The system uses the acronym WYSIWYG which stands for “Wooden Yacht Sailing Index with Yearly Guessing.” The results tell the tale. The first four boats in the single hander race on Saturday were as different as chalk and cheese—or should it be tar and feathers. First was a 22ft Chalana sloop followed by a 40 ft Carriacou Sloop – the first to come off the beach in 10 years—next, a 54 ft veteran Trimaran, chased by a 16 ft Bequia double ender launched only two days before in Cane Garden Bay after a six-year rebuild. These varied examples of the wooden boat builder’s art all finished within 35 minutes of each other over a nearly four hour course around Sandy Cay and Great Thatch Island.

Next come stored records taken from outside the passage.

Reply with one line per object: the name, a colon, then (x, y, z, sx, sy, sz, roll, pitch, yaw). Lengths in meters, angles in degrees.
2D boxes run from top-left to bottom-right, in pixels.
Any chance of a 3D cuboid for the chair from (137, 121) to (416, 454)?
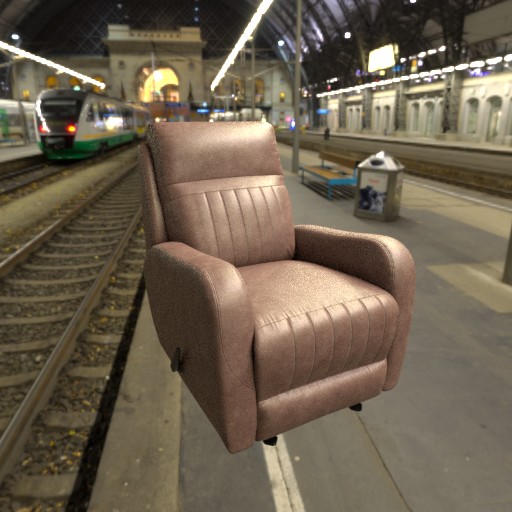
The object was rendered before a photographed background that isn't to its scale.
chair: (0.000, 0.000, 1.831, 0.865, 1.067, 1.067, -9, 19, -28)
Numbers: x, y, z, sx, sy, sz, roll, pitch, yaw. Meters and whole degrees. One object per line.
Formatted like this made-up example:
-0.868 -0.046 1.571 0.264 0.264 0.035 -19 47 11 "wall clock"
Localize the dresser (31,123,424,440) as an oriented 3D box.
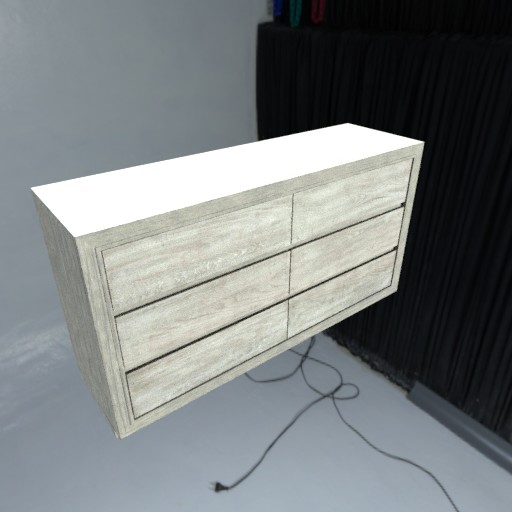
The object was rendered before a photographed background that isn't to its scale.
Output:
0.000 0.000 2.039 1.628 0.889 0.483 -21 35 -32 "dresser"
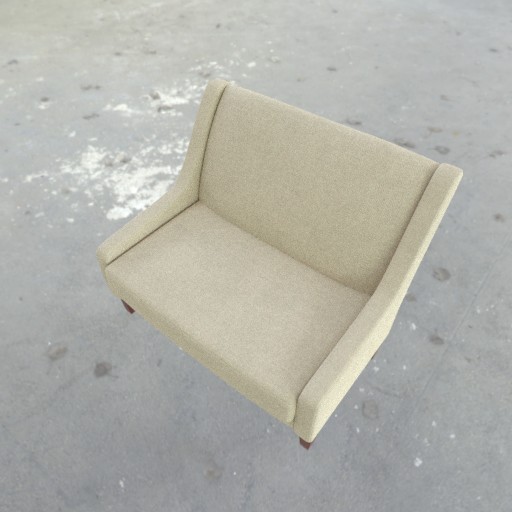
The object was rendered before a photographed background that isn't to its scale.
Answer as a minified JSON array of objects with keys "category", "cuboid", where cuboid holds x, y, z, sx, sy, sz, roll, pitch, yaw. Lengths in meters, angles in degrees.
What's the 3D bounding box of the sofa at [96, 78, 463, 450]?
[{"category":"sofa","cuboid":[0.000,0.000,1.955,1.212,0.976,0.946,30,53,26]}]
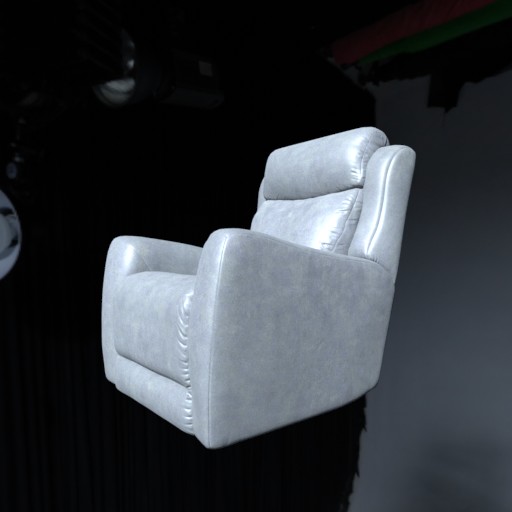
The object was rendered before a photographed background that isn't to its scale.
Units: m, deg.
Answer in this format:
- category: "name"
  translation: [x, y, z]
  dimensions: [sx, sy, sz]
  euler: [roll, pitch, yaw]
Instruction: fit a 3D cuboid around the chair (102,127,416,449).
- category: "chair"
  translation: [0.000, 0.000, 1.907]
  dimensions: [1.068, 1.116, 0.967]
  euler: [-1, 2, -37]
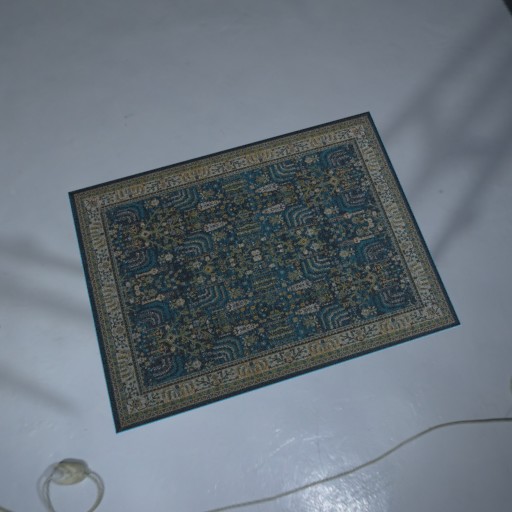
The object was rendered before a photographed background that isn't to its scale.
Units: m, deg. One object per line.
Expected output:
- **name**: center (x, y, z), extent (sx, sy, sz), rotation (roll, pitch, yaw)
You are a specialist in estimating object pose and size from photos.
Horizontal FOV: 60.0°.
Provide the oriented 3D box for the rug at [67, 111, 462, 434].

The WYSIWIG system is two dimensional and could at first be mistaken for bra size nomenclature.  Boats are first put into Types by their design denoting increasing speed potential and secondly into Classes by their length overall when sailing. Time allowances are given for each of these parameters to arrive at a corrected time.

Type A: Classic Island Sloops – rigged as sister ships (“SOD’s” or sloop one design) with movable or disposable ballast, hiking boards and will not be disqualified if all the crew that started does not finish.
Type AA: Modern Island Sloops – High tech rig, can use trapezes and spinnakers.
Type B: Traditional – Gaff rigs, full keel with rudder attached
Type C: Modern – Marconi rig, full keel with rudder attached
Type D: Fin Keels – Boats with rudders not attached to their keels
Type E: Multihulls – Two or more hulls rigidly tied together.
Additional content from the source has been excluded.